You mean you let create claude command or it itself runs ffmpeg on your local machine and returns you finished cut?
This is very cool. I built one of these myself around Christmas; Claude Code can put one together in just a couple prompts (this is also how I worked out how to have Claude test TUIs with tmux). What was striking about my finished product --- which is much less slick than this --- was how much of the heavy lifting was just working out which arguments to pass to ffmpeg.

It's surprisingly handy to have something like this hanging around; I just use mine to fix up screen caps.

Commenting mostly because when I did this I thought I was doing something very silly, and I'm glad I'm not completely crazy.

I'd love to hear more about your TUI testing with tmux approach.
Having to separately download ffmpeg in the windows distribution does not really make sense

Just bundle it

I don't find trimming videos with ffmpeg particularly difficult, is just-ss xx -to xx -c copy basically. Sure, you need to get those time stamps using a media player, but you probably already have one so that isn't really an issue.

What I've found to be trickier is dividing a video into multiple clips, where one clip can start at the end of another, but not necessarily.

Could have really used this a couple days ago. I had to record a video an assignment, but due to lack of global hotkeys on OBS with wayland, I had to start and stop the video on the OBS GUI. I tried to figure out ffmpeg but I was too tired and it was getting close to the deadline so I spent some time learning how to to do it with kdenlive.
Invoking ffmpeg, gzip and tar commands is a sort of reverse Turing test for LLMs
What's weird is that I have problems getting the ffmpeg switches right, even if I get llm assistance.

I think I understand the switches, and are demonstrably shown I have no clue.

These days, I'm basically relegated in following pre-LLM blogs and SO in hoping I find the right combination.
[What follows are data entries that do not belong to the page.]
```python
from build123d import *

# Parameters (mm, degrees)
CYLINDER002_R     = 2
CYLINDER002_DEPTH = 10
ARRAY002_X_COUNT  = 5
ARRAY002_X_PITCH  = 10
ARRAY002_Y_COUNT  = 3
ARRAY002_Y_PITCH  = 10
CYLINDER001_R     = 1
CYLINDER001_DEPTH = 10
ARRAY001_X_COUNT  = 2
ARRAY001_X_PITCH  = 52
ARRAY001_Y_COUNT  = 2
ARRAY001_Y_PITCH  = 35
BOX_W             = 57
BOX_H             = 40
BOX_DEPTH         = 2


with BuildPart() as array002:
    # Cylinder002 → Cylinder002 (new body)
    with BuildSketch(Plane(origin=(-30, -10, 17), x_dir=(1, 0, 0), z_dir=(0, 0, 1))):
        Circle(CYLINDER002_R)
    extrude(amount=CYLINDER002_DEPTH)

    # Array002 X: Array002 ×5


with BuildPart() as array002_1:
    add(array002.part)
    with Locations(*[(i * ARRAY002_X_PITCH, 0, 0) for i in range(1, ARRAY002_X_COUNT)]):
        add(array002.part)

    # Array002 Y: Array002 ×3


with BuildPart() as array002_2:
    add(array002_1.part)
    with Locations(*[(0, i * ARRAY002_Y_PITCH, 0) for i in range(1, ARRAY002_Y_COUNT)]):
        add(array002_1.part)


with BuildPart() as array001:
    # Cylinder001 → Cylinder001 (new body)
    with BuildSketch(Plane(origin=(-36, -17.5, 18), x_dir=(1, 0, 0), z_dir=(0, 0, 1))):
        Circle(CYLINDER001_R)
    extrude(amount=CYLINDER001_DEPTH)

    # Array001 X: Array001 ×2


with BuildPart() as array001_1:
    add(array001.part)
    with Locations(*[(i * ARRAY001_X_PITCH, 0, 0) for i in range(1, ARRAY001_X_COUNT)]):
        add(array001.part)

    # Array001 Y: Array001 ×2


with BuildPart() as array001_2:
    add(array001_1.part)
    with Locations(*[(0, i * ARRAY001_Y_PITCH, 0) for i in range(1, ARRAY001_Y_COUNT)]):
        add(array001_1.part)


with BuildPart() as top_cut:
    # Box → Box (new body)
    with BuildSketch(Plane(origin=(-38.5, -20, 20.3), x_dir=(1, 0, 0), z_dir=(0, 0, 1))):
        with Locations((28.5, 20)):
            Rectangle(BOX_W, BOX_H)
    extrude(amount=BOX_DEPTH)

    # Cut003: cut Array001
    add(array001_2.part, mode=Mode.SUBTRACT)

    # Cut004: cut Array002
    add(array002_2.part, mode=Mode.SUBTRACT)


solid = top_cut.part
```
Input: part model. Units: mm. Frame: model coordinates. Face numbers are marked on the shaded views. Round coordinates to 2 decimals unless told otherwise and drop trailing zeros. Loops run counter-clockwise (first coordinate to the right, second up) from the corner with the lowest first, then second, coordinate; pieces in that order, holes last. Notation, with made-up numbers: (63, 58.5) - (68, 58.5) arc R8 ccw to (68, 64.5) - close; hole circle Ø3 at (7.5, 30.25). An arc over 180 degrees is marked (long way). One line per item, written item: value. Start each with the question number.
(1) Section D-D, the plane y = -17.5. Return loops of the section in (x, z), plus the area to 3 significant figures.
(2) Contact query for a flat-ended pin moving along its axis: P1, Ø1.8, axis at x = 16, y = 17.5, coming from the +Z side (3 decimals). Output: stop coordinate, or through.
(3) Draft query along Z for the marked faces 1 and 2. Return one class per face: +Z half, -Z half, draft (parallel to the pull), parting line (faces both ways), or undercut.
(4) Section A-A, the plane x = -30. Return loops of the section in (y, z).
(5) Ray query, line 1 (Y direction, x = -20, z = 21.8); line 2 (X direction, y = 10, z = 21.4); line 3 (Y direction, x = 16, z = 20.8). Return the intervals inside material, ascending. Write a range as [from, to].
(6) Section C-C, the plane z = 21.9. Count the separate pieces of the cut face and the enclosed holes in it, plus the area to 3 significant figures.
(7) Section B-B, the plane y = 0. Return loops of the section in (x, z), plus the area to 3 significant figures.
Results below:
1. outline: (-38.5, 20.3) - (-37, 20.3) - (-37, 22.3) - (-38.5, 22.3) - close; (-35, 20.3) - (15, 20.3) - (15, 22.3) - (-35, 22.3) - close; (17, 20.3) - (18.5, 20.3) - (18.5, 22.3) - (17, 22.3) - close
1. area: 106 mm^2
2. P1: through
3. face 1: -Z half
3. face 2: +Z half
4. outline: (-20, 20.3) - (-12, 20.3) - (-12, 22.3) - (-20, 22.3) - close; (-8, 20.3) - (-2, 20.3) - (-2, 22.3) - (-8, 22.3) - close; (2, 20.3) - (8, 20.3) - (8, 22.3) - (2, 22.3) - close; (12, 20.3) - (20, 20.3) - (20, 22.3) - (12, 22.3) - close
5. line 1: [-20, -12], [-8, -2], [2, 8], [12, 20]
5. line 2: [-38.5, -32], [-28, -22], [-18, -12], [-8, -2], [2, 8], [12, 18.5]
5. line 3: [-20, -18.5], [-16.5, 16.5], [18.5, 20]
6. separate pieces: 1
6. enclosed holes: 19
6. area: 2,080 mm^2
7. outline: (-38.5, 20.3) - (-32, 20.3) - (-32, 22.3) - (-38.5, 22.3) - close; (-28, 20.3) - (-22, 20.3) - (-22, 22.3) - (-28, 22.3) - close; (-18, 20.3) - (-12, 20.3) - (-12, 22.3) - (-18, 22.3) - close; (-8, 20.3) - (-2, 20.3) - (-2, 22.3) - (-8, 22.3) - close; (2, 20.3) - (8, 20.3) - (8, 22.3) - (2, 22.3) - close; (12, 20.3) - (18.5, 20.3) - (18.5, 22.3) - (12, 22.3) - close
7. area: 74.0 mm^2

If you dont like leaving your main video player, IINA on mac is scriptable, so I just use shortcut keys to send start/end indicators to a script which runs ffmpeg on the timestamps.

Im sure other video players like VLC support this, but I found VLC's apis very lacking.

It's interesting how terminal apps are increasing in popularity after decades of desktop and web apps. I wonder if it's the talk to the chat AI that's making people more used to asking a prompt screen or if it's the simplicity and lack of bloat.
Love it! I had this idea before but never took the time to implement it. You did it, thank you.